• **Aim of the task**
Answer with one number only: how many lines in the material contain "each".

• **Stored data**
○ ○ ○ ○ ○

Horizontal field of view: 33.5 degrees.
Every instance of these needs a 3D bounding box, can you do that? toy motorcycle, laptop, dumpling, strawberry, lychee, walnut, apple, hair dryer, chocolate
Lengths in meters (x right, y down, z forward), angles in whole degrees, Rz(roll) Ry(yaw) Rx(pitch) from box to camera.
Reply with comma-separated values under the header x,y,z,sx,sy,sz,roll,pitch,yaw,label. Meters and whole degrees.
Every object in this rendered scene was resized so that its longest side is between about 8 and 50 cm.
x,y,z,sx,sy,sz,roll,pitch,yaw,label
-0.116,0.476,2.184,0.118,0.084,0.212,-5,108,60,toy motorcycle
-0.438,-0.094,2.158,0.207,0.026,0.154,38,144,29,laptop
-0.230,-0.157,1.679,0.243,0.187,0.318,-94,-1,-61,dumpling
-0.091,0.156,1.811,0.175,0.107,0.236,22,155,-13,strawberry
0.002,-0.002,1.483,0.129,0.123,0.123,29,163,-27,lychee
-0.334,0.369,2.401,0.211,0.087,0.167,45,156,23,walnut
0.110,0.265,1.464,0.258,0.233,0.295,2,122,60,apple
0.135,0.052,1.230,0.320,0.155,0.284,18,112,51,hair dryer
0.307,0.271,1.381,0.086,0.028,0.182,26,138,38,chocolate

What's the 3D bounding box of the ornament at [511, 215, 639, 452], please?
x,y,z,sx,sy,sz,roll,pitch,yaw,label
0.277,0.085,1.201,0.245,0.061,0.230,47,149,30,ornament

○ ○ ○ ○ ○

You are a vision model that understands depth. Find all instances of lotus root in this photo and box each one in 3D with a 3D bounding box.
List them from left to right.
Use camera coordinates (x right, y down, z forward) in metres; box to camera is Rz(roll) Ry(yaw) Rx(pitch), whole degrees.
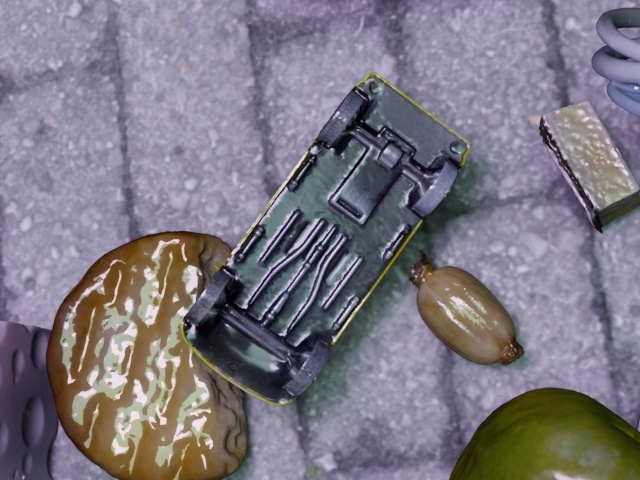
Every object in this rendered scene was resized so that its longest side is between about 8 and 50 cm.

○ ○ ○ ○ ○

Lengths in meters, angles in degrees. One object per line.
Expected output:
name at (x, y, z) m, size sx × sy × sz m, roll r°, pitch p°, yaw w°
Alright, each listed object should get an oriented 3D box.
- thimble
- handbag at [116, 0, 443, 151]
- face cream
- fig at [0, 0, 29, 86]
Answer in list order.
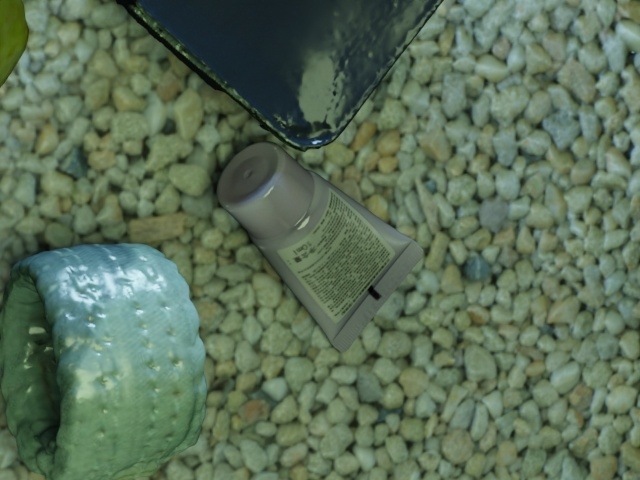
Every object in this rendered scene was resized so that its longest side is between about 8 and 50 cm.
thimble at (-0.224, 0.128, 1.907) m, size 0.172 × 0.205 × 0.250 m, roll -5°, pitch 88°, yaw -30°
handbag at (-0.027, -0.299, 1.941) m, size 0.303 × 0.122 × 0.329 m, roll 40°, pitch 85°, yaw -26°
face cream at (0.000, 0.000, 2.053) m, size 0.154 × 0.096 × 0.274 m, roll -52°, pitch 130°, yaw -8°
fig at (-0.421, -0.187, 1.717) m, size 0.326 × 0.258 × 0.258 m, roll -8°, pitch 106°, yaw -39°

○ ○ ○ ○ ○

• **Exercise response**
2